La polimigra — a term coined by activists to indicate the overlap between police officers and immigration officials — destroy water to weaken people physically and emotionally. In 2018, No More Deaths published video footage of agents emptying out water bottles while laughing and mocking migrants. The Border Patrol’s larger “Prevention Through Deterrence” (PTD) strategy, launched in 1994, relies on the desert’s arid climate and harsh terrain to dissuade migrants from crossing and to facilitate their capture. The agency assigned more agents in urban crossing areas and installed military-grade surveillance technology, redirecting migrants to remote areas of the desert.

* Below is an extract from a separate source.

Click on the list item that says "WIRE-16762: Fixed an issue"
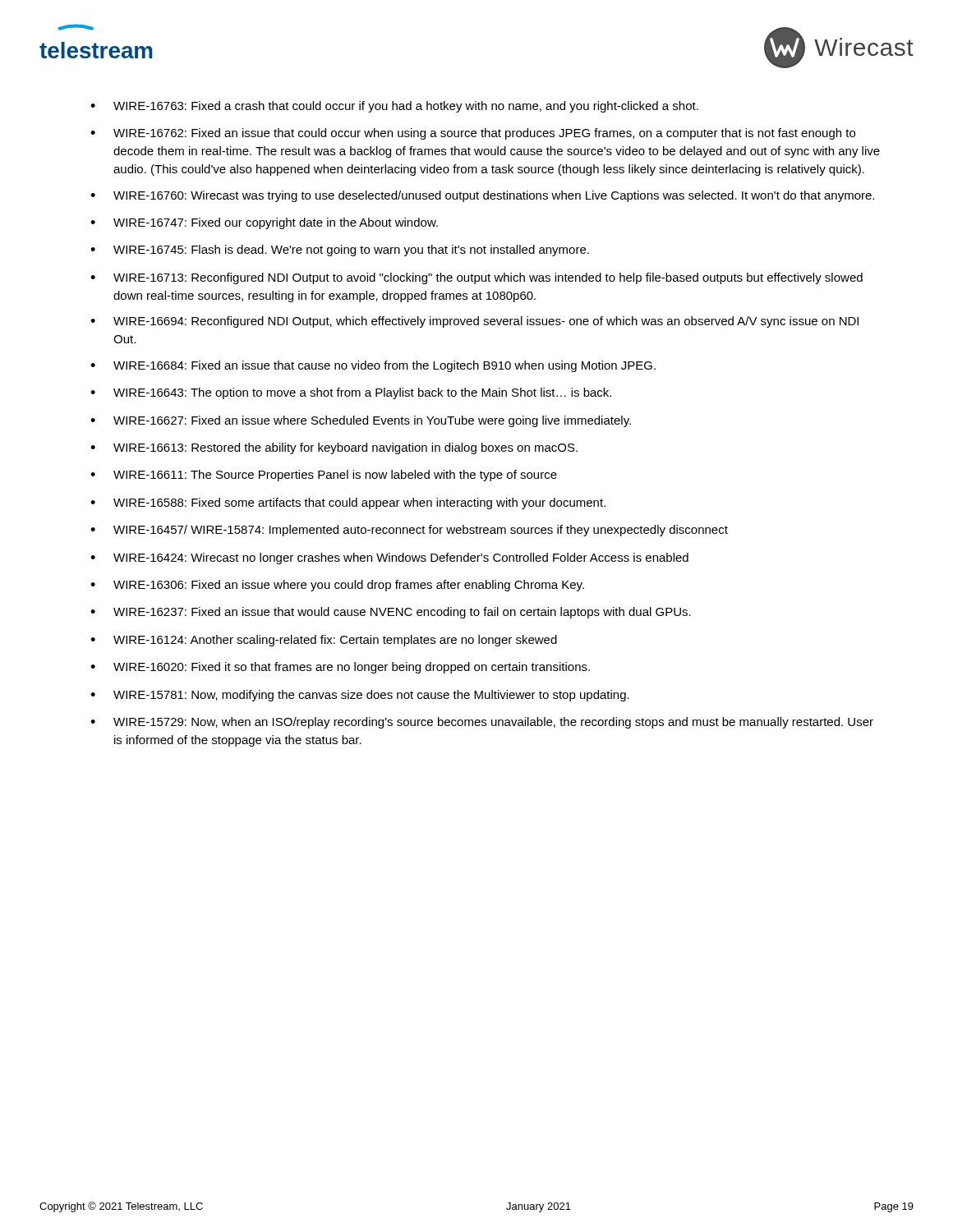click(x=499, y=151)

Limiting access to clean water is a cornerstone of PTD; the PTD strategic plan suggests that the landscape facilitates the capture of migrants, dehydrated and debilitated after “crossing through remote, uninhabited expanses of land and sea along the border [who] can find themselves in mortal danger.” One former Border Patrol agent told the nonprofit the reason for these destroying water was to “expedite [migrants’] apprehension.” 

Out of desperation, some drink from contaminated cattle tanks and consume their own urine or melted lipstick in desperate attempts to survive. Granger often speaks with migrants who encounter water bottles left by aid groups. “When migrants see water in the middle of the desert, they realize that there are people who recognize what they’re doing and are trying to help them,” Granger told me. “On the flip side, from the perspective of someone crossing the border, coming across a water drop that’s slashed is such a powerful symbol of hatred. Vandalizing water symbolizes not only devaluing human life but actively working to destroy human life.” 

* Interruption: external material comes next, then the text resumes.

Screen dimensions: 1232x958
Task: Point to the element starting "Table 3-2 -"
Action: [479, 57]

The intentional destruction of water has not dissuaded migrants from attempting to cross the border; rather, Border Patrol abuses and the criminalization of humanitarian aid has led to renewed support and resources from allies. Similarly, after police destroyed water bottles in Asheville, Lewis said the triage group received an influx of donations and support from the community. “We were just trying to help. And the police, they radicalized us,” Lewis said. “Their militarization strategies backfired.” 

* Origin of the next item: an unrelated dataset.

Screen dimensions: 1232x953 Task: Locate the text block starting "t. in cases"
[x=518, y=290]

On a sweltering evening last month, I attended a Black Lives Matter protest in Durham, three hours west of Asheville. Community members had set up water stations in front of bars and restaurants and hauled water bottles in wheelbarrows and shopping carts. After hours of marching, I sensed a metallic taste in my mouth — one of the initial symptoms of dehydration. Almost instantly, I found a water station. As I tipped back the paper cup, the relief reminded me that water sustains dissent and energizes movements. In the desert, we wrote words of encouragement with sharpies for migrants to continue their journeys — an  affirmation of their crossing, a show of solidarity. Thousands of miles away, this offered the same message. It was a practice of radical care.

Barbara Sostaita is a doctoral candidate at The University of North Carolina at Chapel Hill, where she studies sanctuary in the Sonora-Arizona borderlands.